* Exercise goal
Go through the material below, count the lines with the word "high", and reply with the count alone.

* Record excerpts
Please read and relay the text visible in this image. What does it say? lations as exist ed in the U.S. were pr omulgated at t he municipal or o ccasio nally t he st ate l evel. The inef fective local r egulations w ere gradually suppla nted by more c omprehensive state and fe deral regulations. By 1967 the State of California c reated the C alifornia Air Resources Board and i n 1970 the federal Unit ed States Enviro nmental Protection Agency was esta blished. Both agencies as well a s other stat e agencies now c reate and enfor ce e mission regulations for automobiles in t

--

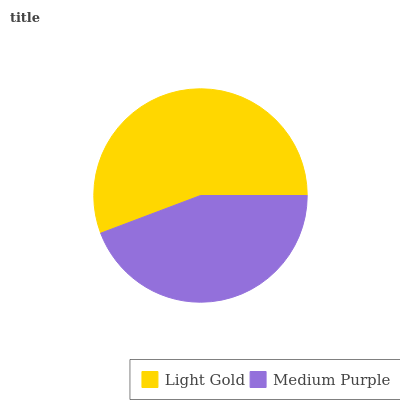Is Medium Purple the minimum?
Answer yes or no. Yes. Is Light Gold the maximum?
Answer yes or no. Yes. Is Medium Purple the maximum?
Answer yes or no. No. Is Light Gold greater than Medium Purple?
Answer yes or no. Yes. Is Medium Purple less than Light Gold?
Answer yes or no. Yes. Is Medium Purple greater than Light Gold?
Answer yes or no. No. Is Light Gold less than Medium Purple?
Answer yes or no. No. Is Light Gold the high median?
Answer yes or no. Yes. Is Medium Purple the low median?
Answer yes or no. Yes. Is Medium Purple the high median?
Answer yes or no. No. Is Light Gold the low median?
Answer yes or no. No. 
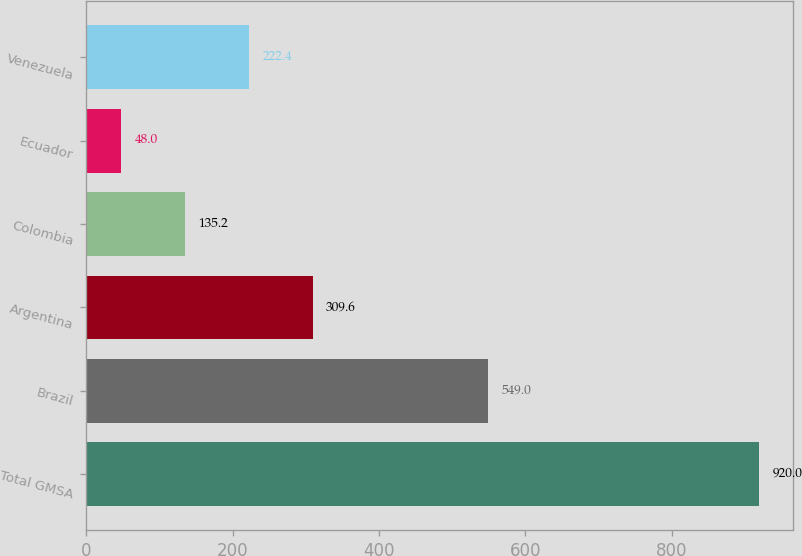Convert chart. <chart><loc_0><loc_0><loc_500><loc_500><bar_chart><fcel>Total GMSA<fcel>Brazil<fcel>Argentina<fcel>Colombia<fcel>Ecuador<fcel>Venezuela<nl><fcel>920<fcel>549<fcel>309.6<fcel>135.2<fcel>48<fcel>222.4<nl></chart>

* Result of this exercise
2